# Double Posting / Slow to Post



## Lorian (Apr 9, 2003)

Is anyone having issues with UK-M being slow to post replies or double-posting replies?


----------



## Lorian (Apr 9, 2003)

Test reply.


----------



## Greshie (Jan 15, 2011)

Yes I am ....


----------



## Mingster (Mar 25, 2011)

Me too.


----------



## Breda (May 2, 2011)

Testin , Testing 1 2 3


----------



## Breda (May 2, 2011)

No boss i'm good


----------



## Fat (Jan 2, 2010)

Test


----------



## Fat (Jan 2, 2010)

Nope instant for me.


----------



## Greshie (Jan 15, 2011)

seems to be sorted now ... but deffo issues earlier this morning


----------



## Lorian (Apr 9, 2003)

I should have added... if you have been having the issue, is it sorted now?


----------



## Mingster (Mar 25, 2011)

LOL seems to be ok now


----------



## 2004mark (Oct 26, 2013)

Yep, was happening earlier, but seems ok now.


----------



## 2004mark (Oct 26, 2013)

Yep, was happening earlier, but seems ok now.

(joke)


----------



## johnnybhoy (Sep 27, 2011)

having probs sending messages jst set up on ths site and can only reply to other ppls msgs

any advice


----------



## Hera (May 6, 2011)

johnnybhoy said:


> having probs sending messages jst set up on ths site and can only reply to other ppls msgs
> 
> any advice


By 'messages' do you mean posts or private messages?


----------



## DiggyV (May 6, 2011)

seems fine now, I was having issues earlier. Was using Chrome (v14.0.835.186) on MacOS Lion (v10.7.1).

Cheers

Diggy


----------



## Rob68 (Sep 16, 2008)

I still when i go into certain journals on to last page it takes me to the first then get the `message editor` message about leaving this page and go to a new one...whats that Lorian any ideas?


----------



## tiara (Dec 30, 2011)

How long does it usually take for your posts to become visible? When I do them on iPhone app it's instant but earlier I posted a massive post on my PC at around 9pm and still not visible?? Any ideas? Thanks


----------



## Hera (May 6, 2011)

tiara said:


> How long does it usually take for your posts to become visible? When I do them on iPhone app it's instant but earlier I posted a massive post on my PC at around 9pm and still not visible?? Any ideas? Thanks


Because you're a new member some posts are automatically sent to be moderated; checked by the admin team to ensure that you haven't joined for the purpose of spamming. It's an automated and random system to prevent spammers. The more posts you make the less likely your posts will need to be approved.
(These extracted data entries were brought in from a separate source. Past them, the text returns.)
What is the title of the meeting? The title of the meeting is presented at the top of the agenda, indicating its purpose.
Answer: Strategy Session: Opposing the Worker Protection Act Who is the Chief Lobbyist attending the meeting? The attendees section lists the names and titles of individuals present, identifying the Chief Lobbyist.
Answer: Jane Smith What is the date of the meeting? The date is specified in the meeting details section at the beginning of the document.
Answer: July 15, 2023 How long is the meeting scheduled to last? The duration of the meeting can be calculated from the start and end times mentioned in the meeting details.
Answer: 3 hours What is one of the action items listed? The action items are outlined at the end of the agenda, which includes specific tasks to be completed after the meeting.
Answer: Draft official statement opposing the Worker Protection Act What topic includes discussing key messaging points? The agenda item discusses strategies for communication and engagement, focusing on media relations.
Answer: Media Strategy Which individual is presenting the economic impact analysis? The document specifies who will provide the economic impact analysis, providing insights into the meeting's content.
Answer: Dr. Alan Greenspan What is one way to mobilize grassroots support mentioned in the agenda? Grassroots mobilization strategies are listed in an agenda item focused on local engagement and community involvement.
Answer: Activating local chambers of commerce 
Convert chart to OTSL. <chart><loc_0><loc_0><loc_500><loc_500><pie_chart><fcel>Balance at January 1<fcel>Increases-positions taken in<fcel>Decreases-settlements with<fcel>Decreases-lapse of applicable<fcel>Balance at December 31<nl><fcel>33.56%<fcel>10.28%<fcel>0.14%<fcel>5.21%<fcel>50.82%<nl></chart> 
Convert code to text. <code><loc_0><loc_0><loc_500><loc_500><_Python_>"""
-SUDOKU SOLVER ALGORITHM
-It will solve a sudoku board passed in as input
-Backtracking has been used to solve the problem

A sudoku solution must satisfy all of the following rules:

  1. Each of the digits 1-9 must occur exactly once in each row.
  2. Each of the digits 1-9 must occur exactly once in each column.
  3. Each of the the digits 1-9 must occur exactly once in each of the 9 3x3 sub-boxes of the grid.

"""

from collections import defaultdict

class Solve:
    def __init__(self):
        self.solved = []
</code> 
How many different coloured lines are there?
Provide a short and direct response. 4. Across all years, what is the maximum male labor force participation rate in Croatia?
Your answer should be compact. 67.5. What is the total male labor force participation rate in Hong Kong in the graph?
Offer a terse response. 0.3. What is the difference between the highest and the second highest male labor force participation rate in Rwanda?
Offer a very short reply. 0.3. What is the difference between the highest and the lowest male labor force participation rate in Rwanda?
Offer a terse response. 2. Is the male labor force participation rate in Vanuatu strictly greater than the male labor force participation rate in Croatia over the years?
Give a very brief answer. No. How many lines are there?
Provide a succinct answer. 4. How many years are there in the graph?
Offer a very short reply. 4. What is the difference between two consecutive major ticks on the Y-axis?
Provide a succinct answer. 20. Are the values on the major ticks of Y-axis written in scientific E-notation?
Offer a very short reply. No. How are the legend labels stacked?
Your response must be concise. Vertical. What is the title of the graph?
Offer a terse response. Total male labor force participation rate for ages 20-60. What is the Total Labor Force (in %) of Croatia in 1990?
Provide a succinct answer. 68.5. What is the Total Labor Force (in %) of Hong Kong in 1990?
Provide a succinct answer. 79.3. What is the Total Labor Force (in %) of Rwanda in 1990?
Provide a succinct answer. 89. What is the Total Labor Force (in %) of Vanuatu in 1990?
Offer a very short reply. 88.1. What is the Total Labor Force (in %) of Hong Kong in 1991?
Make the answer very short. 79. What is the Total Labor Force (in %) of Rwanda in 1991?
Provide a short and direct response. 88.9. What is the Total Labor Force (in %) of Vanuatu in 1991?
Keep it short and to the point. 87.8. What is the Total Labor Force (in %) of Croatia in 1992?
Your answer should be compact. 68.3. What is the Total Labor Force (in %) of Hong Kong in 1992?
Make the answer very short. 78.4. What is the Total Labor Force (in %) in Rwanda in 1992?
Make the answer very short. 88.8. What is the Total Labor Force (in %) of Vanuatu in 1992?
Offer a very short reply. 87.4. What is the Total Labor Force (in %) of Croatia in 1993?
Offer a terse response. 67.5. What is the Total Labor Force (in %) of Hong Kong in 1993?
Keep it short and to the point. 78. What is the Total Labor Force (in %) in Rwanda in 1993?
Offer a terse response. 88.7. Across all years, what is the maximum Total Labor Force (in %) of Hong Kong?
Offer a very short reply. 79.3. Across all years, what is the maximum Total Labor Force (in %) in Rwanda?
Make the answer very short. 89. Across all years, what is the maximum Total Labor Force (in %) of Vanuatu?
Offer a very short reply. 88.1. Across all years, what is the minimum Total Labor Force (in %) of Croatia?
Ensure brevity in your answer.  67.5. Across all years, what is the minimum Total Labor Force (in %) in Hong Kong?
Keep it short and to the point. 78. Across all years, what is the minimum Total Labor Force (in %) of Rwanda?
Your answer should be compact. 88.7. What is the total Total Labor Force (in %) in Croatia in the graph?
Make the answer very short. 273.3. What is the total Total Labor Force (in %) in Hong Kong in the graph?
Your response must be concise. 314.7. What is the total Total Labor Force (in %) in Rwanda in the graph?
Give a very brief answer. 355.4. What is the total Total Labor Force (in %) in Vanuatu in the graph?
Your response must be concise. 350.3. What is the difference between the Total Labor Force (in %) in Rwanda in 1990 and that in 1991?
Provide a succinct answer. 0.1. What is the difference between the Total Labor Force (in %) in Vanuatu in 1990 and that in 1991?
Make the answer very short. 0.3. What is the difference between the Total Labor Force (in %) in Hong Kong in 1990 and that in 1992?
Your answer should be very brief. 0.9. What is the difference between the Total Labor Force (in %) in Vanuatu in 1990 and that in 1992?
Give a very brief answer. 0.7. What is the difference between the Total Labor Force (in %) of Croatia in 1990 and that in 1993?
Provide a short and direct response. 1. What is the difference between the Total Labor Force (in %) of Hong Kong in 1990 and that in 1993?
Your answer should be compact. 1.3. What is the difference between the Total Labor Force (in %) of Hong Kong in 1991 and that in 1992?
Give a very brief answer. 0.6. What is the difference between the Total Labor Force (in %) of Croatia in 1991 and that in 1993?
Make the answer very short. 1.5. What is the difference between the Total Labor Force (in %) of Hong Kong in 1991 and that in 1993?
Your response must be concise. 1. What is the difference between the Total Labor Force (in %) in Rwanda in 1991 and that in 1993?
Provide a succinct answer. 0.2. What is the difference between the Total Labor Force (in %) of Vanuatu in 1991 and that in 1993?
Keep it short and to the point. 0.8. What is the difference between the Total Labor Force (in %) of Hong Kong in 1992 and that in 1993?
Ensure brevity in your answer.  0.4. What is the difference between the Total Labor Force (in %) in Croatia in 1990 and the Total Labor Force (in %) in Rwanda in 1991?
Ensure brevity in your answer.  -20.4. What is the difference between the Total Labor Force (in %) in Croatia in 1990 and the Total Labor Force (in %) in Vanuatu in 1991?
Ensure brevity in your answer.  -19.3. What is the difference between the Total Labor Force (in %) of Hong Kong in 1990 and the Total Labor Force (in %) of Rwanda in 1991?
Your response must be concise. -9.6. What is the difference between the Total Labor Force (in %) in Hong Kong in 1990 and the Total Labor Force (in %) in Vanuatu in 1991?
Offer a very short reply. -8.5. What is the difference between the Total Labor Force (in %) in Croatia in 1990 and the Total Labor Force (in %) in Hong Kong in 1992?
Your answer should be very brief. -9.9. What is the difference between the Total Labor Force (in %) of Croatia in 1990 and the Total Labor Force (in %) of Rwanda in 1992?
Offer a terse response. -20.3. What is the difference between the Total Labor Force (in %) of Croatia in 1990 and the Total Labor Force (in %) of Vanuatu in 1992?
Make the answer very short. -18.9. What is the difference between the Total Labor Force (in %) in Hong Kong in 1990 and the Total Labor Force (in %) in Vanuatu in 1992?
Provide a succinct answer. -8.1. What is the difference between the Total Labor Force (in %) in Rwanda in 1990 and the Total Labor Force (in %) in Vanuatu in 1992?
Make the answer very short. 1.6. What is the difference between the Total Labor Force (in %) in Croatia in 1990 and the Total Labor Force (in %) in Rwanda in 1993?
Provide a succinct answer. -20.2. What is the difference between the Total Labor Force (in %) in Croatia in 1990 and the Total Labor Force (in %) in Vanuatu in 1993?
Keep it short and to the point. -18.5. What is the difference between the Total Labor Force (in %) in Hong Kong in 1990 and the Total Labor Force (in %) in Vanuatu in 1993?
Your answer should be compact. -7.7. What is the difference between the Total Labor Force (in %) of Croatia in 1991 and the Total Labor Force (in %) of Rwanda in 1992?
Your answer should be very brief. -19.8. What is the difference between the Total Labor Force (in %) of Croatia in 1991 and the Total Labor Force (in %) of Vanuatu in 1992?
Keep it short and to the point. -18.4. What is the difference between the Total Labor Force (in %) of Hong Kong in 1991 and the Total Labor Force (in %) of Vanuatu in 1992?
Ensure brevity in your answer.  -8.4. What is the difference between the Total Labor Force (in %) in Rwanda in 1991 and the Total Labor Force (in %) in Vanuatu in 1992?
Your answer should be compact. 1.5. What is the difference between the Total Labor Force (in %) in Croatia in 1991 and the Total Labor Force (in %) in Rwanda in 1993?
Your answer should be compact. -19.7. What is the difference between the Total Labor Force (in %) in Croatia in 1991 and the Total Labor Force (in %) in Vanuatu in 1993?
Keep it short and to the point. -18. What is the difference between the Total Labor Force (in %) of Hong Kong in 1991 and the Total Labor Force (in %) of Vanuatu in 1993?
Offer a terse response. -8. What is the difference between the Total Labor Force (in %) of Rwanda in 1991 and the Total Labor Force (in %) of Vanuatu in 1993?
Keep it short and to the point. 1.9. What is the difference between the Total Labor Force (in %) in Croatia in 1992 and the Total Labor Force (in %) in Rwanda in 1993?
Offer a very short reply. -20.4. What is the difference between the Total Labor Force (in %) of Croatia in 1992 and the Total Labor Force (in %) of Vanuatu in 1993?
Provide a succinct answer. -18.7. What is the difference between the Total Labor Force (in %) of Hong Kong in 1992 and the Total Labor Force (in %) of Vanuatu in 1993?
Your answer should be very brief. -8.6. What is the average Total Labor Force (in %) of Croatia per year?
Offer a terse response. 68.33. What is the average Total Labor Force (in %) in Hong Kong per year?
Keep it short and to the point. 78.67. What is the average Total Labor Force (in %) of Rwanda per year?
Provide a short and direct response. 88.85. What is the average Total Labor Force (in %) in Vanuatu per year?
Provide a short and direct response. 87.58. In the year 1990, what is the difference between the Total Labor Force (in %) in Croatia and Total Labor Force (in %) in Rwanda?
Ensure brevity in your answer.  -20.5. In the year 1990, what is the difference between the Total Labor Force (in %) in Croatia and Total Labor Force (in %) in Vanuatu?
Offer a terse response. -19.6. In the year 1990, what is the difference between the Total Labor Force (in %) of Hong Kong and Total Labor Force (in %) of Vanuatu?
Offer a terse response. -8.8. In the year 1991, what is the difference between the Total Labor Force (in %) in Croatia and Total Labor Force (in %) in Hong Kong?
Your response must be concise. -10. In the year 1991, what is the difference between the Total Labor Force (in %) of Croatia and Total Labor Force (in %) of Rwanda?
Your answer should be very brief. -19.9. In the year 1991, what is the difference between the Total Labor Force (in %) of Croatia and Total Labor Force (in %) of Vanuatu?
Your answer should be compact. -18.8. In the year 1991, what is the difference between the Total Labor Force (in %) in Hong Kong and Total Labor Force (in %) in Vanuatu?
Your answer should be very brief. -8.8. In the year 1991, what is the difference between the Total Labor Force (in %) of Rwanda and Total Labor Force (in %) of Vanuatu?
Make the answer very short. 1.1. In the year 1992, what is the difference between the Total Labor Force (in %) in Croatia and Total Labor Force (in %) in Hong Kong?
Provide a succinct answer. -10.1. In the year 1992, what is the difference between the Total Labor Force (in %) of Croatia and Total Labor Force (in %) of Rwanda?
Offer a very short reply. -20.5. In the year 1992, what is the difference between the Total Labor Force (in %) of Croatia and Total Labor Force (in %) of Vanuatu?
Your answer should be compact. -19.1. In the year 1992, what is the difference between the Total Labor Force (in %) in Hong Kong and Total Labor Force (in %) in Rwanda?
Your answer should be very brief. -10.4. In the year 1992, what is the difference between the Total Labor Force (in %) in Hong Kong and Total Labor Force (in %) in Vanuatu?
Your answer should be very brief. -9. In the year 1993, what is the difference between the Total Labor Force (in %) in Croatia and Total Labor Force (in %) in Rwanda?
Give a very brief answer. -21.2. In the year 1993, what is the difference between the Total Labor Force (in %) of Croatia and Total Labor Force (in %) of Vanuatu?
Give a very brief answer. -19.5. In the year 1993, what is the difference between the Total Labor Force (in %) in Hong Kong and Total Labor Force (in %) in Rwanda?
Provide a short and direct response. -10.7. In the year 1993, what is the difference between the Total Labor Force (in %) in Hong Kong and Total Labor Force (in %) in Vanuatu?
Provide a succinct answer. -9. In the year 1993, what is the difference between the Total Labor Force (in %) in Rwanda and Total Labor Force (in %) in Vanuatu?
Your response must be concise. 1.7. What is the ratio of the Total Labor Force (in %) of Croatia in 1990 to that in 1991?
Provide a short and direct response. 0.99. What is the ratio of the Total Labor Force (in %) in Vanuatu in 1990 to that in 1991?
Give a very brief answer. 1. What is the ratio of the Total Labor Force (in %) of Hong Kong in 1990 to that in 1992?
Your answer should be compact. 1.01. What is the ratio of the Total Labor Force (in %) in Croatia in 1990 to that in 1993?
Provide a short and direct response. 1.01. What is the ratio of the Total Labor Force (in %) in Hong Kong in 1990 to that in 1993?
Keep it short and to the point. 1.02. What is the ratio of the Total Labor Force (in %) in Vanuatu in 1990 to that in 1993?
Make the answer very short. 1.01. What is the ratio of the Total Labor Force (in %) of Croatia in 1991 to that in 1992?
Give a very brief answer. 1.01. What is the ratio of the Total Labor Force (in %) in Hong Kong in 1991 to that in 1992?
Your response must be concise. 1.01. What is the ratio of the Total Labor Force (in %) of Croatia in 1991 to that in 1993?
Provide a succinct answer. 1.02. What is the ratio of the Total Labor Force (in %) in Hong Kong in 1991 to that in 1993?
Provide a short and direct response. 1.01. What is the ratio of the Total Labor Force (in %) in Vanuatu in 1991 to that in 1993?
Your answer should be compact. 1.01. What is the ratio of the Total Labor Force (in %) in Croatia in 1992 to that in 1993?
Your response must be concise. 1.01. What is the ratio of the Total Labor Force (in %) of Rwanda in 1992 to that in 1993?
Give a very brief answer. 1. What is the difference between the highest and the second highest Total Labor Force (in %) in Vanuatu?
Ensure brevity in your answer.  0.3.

Posts are usually checked a few times a day although over the Christmas period this wasn't the case (that's my fault :crying: )

I'll check the posts for approval now...


----------



## tiara (Dec 30, 2011)

Thanks Katy. It's appreciated! X


----------



## Hera (May 6, 2011)

tiara said:


> Thanks Katy. It's appreciated! X


You're very weclome...sorry for the delay


----------